Complete Works for Solo Piano

Coviello Classics COV 91910

2 CD • 2h 22min • 2016, 2018

20.08.2019

Künstlerische Qualität:
Künstlerische Qualität: 9
Klangqualität:
Klangqualität: 9
Gesamteindruck:
Gesamteindruck: 9

Knapp zweieinhalb Stunden, länger dauert das Gesamtwerk für Klavier von Maurice Ravel nicht. Das mutet fast schon übersichtlich an, zumal es ganz bequem auf eine handelsübliche Doppel-CD passt. So weit so gut. Der Pianist Alfonso Gómez hat selbiges nun eingespielt, auch das ist zunächst einmal nichts Besonderes, Einspielungen gibt es eigentlich mehr als genug. Und doch ist es für Pianisten immer wieder reizvoll, sich der Herausforderung zu stellen. Denn darum handelt es sich bei Ravels Klavierwerk ganz gewiss. Zwar gibt es auch einige ausdrücklich für ambitionierte Nicht-Profis taugliche Werke, doch der größte Teil erscheint mit seinen schier unüberwindlichen technischen Hürden kaum erreichbar für Normalsterbliche.
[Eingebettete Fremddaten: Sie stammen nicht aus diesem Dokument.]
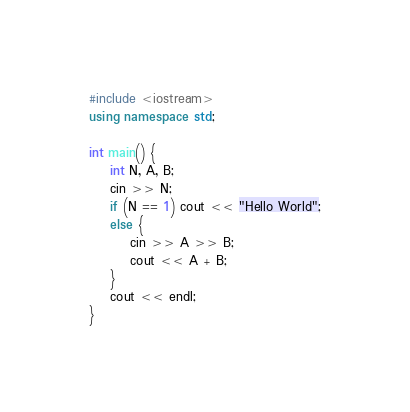Convert code to text. <code><loc_0><loc_0><loc_500><loc_500><_C++_>#include <iostream>
using namespace std;

int main() {
	int N, A, B;
	cin >> N;
	if (N == 1) cout << "Hello World";
	else {
		cin >> A >> B;
		cout << A + B;
	}
	cout << endl;
}</code> 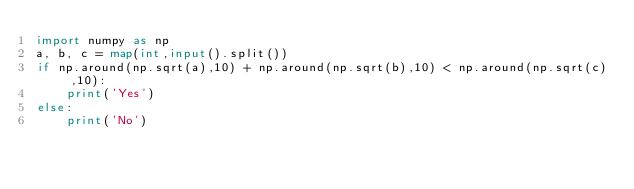Convert code to text. <code><loc_0><loc_0><loc_500><loc_500><_Python_>import numpy as np
a, b, c = map(int,input().split())
if np.around(np.sqrt(a),10) + np.around(np.sqrt(b),10) < np.around(np.sqrt(c),10):
    print('Yes')
else:
    print('No')</code> 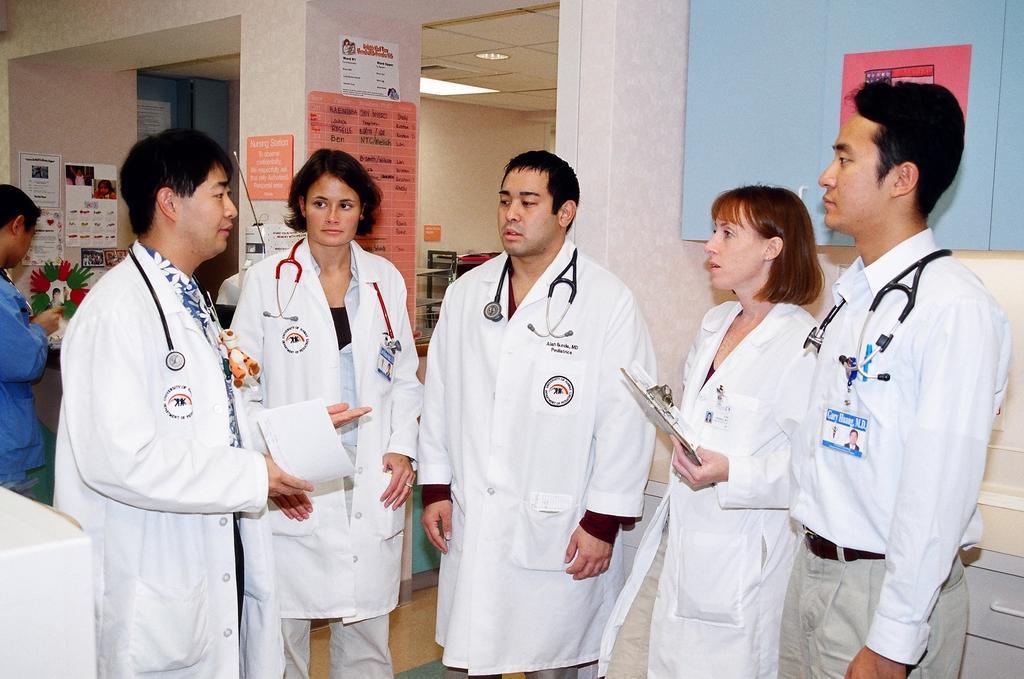Could you give a brief overview of what you see in this image? In the picture there are a group of doctors standing and discussing, behind them on the left side there is a nurse and in front of the nurse there are many posters attached to the walls and pillars. 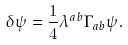Convert formula to latex. <formula><loc_0><loc_0><loc_500><loc_500>\delta \psi = \frac { 1 } { 4 } \lambda ^ { a b } \Gamma _ { a b } \psi .</formula> 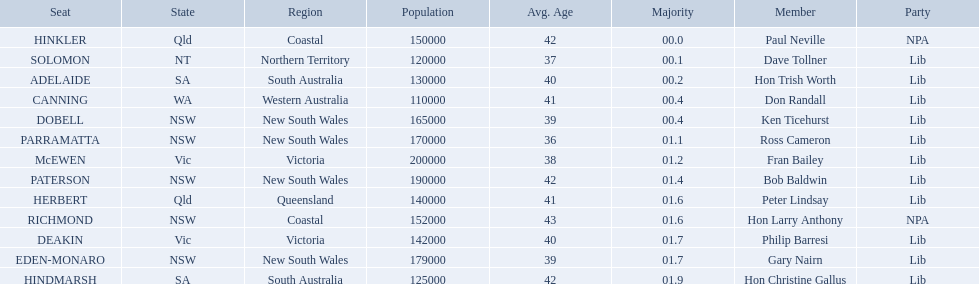Who are all the lib party members? Dave Tollner, Hon Trish Worth, Don Randall, Ken Ticehurst, Ross Cameron, Fran Bailey, Bob Baldwin, Peter Lindsay, Philip Barresi, Gary Nairn, Hon Christine Gallus. What lib party members are in sa? Hon Trish Worth, Hon Christine Gallus. What is the highest difference in majority between members in sa? 01.9. 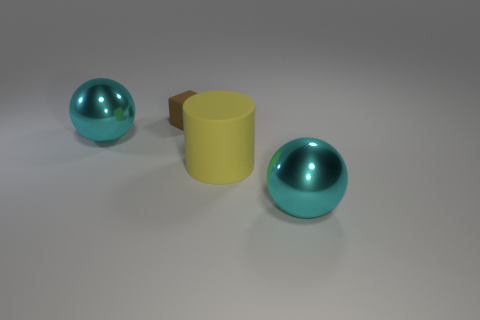Add 1 cubes. How many objects exist? 5 Subtract all cylinders. How many objects are left? 3 Subtract all yellow matte objects. Subtract all small brown rubber cubes. How many objects are left? 2 Add 4 large yellow rubber cylinders. How many large yellow rubber cylinders are left? 5 Add 2 cyan metallic cubes. How many cyan metallic cubes exist? 2 Subtract 2 cyan balls. How many objects are left? 2 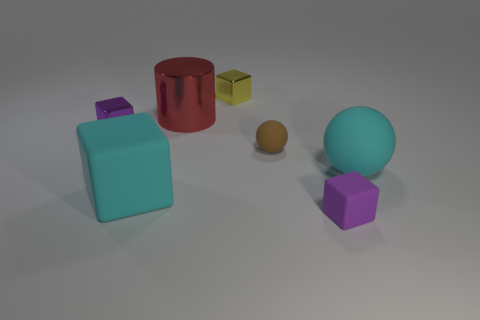Subtract all big cyan cubes. How many cubes are left? 3 Add 3 yellow things. How many objects exist? 10 Subtract all spheres. How many objects are left? 5 Subtract all purple cubes. How many cubes are left? 2 Subtract 1 spheres. How many spheres are left? 1 Subtract all cyan balls. Subtract all blue cylinders. How many balls are left? 1 Subtract all green cylinders. How many yellow balls are left? 0 Subtract all spheres. Subtract all large cyan objects. How many objects are left? 3 Add 3 cyan balls. How many cyan balls are left? 4 Add 6 big balls. How many big balls exist? 7

Das nötige technische Rüstzeug hat Gómez zweifellos. Er spielt Ravel mit gehöriger Brillanz, großer Versiertheit und virtuosem Aplomb. Unter seinen Händen klingt alles so federleicht und elfengleich, dass man kaum auf die Idee käme, Gaspard de la Nuit oder La Valse gehörten zu den schwierigsten Klavierwerken überhaupt. Gómez Ravel ist dabei erstaunlich unprätentiös und uneitel. Hier ist zweifellos ein pianistisches Schwergewicht am Werk, das selbiges aber nicht über Gebühr zeigt, jedenfalls nicht mehr als nötig. Denn ein bisschen Effekt und Show muss natürlich sein, aber Extravaganzen, Extreme oder Manieriertheiten sucht man hier vergebens.

Gómez arbeitet sich gewissenhaft an Ravels klanglichen Subtilitäten und den technischen Herausforderungen ab. Er nutzt das breite farbliche und dynamische Spektrum des modernen Konzertflügels kontrolliert aus, verlässt dabei aber nie sicheres Terrain. Pianistische Urgewalten mögen vielleicht anders klingen, doch liegen die Qualitäten von Gómez‘ Lesart nicht zuletzt in der mehr als nur soliden und transparenten Wiedergabe des Ravel‘schen Klangkosmos. Als pianistische Visitenkarte, als die die Aufnahme solchen Repertoires auch immer gerne genutzt wird, ist sie zweifellos sehr gelungen.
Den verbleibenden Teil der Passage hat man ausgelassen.